Phillips Edison-ARC has been buying at capitalization rates generally between 7.5% and 8%. With interest rates at historic lows, the company is finding a 400-bp spread between borrowing rates and cap rates. Edison said that spread is 150 bp larger than the historical norm. Yields haven’t fallen further, he believes, because the market is pricing in the expectation that interest rates will start to rise.

 

The company is seeking to build a portfolio comprised of 80% core and core-plus properties and 20% value-added holdings. In choosing where to invest, Phillips Edison-ARC takes a hyper-local approach, focusing on demographics within a three-mile radius.
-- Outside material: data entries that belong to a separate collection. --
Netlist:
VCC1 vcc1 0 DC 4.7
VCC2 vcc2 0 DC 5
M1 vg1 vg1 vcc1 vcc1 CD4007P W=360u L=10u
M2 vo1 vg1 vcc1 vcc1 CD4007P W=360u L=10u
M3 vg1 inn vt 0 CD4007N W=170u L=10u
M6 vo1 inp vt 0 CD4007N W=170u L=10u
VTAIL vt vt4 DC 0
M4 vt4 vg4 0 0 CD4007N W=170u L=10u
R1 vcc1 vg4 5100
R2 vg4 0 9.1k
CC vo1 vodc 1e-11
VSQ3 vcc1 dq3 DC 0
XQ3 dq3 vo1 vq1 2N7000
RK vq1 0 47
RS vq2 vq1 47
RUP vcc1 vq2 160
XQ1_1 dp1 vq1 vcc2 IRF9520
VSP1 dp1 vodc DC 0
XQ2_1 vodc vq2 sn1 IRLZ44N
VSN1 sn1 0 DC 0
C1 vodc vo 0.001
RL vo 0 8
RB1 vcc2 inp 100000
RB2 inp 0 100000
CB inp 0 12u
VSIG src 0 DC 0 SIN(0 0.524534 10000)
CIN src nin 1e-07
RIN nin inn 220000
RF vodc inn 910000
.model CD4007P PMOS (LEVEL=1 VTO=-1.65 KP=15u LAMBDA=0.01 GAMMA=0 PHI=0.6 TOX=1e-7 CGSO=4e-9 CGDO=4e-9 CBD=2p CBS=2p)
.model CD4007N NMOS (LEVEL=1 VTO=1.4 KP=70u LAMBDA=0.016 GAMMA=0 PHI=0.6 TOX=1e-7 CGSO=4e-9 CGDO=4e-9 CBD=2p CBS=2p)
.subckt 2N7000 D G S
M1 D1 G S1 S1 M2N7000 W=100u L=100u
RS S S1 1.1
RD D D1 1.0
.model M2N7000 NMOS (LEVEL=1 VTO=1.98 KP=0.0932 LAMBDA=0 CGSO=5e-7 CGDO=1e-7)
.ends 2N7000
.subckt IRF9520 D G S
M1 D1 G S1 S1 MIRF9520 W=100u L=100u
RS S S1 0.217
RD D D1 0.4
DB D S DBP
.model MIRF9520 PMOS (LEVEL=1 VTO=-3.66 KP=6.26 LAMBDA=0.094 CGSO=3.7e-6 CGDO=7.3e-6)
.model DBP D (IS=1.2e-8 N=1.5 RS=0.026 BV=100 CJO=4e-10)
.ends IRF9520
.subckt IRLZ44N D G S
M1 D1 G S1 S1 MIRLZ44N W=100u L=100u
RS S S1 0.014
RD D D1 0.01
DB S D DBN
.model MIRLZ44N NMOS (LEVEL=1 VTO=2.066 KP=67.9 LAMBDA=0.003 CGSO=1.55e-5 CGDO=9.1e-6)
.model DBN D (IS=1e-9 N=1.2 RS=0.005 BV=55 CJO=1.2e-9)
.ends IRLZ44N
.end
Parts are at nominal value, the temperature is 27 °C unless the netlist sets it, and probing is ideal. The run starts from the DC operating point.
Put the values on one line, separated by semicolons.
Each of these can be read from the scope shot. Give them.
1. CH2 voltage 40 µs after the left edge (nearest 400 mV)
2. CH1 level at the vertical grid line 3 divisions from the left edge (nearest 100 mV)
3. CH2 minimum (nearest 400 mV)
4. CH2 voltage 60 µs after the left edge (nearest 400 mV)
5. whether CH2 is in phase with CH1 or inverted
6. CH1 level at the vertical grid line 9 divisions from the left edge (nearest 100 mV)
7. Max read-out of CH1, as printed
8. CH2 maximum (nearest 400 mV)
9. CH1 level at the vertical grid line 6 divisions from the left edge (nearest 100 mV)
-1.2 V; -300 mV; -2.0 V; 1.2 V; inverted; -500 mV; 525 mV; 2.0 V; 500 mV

It’s agnostic about the surrounding market—and in fact has generally looked outside the top 10 cities, where investor demand for grocery-anchored properties has pushed prices beyond the REIT’s target. To date, it has made acquisitions in 16 states.

 

The REIT’s portfolio is currently 93.3% occupied. On average, there are 50,000 people with an average household income of $72,000 living within a three-mile radius. Its typical deal is a $15 million acquisition of a shopping center with 90,000-120,000 square feet that is anchored by one of the top two grocers in the market, whose store accounts for 55-65% of the net operating income.

 

As a nontraded REIT, Phillips Edison-ARC raises capital by selling shares, via broker-dealers and financial advisors, to retail investors that are willing to lock up their capital for relatively long periods—typically 7-10 years—in return for the promise of stable dividends. Phillips Edison-ARC seeks to deliver annualized dividends of 6.7%.